START EXTRACTED INFORMATION

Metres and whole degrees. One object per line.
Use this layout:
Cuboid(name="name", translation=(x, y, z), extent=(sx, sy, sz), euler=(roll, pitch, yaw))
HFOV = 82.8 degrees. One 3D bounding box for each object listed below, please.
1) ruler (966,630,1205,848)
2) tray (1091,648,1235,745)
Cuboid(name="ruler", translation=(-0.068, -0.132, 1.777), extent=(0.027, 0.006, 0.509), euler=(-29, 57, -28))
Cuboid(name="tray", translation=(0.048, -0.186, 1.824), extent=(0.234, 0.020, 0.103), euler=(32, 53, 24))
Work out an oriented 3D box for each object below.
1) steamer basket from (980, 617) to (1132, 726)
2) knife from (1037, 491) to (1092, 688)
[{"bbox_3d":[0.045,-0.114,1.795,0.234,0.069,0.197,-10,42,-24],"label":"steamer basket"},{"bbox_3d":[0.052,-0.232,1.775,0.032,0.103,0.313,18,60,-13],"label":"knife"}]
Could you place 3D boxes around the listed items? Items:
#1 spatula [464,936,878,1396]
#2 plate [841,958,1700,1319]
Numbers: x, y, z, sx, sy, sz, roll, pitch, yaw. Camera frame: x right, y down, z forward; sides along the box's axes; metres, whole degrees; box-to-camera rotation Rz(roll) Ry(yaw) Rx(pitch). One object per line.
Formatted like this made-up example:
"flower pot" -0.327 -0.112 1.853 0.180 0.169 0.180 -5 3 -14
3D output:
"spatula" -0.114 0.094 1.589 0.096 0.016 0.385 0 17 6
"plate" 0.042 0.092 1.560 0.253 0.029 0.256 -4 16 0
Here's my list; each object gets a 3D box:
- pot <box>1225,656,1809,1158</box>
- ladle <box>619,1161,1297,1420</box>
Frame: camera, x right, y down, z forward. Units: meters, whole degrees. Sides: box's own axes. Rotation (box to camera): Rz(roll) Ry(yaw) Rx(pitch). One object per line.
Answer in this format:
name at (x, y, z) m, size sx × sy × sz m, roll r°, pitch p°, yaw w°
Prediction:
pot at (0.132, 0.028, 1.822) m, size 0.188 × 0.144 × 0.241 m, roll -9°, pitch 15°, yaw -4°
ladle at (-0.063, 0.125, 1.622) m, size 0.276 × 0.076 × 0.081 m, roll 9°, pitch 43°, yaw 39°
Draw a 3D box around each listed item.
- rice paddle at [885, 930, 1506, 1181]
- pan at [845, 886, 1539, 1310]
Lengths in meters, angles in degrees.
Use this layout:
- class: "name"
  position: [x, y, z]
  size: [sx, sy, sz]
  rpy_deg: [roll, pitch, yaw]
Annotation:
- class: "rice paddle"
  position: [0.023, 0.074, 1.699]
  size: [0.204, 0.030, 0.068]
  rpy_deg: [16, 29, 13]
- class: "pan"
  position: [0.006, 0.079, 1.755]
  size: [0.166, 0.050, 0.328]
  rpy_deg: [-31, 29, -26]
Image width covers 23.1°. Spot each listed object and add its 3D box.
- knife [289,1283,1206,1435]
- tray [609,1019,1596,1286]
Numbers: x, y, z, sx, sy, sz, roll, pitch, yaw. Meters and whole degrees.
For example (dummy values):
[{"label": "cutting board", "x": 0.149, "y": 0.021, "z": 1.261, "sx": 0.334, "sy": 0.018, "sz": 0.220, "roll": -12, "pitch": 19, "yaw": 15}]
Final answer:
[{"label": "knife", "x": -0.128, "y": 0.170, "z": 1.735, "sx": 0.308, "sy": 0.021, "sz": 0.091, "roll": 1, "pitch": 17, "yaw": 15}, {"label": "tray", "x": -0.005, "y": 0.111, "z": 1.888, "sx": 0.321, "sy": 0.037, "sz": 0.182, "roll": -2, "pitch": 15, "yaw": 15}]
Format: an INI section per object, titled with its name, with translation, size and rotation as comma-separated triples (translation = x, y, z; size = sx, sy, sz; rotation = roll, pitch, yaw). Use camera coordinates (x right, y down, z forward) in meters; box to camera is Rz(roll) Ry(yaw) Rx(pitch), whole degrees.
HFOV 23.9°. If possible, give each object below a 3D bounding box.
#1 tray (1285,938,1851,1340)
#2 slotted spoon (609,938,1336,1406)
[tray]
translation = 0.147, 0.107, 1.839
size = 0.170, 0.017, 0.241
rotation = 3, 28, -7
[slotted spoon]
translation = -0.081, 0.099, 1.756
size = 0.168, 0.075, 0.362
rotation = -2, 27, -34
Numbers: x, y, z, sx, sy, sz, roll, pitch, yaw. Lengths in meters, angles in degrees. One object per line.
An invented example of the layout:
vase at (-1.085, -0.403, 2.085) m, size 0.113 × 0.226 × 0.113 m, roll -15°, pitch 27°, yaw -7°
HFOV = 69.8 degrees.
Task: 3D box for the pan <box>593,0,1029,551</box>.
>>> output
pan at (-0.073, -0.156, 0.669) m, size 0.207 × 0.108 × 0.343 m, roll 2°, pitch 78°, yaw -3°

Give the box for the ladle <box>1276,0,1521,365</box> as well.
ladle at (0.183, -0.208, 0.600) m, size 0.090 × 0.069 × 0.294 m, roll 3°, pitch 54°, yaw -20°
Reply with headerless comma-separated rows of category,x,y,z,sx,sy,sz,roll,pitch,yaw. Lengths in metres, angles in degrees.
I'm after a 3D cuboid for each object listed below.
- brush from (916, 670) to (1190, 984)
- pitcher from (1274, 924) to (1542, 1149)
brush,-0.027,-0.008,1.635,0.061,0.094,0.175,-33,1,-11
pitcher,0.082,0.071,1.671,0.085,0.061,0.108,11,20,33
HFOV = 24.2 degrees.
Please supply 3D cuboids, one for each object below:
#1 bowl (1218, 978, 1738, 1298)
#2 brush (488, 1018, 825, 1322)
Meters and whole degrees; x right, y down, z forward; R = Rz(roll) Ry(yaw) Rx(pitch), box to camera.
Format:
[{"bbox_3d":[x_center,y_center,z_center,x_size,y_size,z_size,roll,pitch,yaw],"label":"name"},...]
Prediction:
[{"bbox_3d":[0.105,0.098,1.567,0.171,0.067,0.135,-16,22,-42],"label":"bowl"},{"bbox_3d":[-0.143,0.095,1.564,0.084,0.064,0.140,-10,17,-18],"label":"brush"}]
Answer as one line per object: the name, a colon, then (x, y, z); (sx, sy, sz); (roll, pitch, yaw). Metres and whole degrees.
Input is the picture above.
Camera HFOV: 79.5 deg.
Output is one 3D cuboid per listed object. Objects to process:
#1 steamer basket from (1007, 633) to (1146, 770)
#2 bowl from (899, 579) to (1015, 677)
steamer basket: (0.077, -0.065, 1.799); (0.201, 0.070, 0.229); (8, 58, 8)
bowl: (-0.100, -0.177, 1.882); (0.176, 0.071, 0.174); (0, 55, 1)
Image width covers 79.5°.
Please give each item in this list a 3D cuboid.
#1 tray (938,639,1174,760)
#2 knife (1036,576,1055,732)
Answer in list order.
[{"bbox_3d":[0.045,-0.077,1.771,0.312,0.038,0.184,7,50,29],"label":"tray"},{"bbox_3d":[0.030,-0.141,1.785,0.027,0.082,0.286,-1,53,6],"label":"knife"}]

END EXTRACTED INFORMATION

• _WORK TO BE COMPLETED_:
Whatever else the listing above holds, retype exactly only the lines from the one containing "- rice paddle at [885, 930, 1506, 1181]" to the one containing "rpy_deg: [roll, pitch, yaw]", both ends kept.

• _TASK ANSWER_:
- rice paddle at [885, 930, 1506, 1181]
- pan at [845, 886, 1539, 1310]
Lengths in meters, angles in degrees.
Use this layout:
- class: "name"
  position: [x, y, z]
  size: [sx, sy, sz]
  rpy_deg: [roll, pitch, yaw]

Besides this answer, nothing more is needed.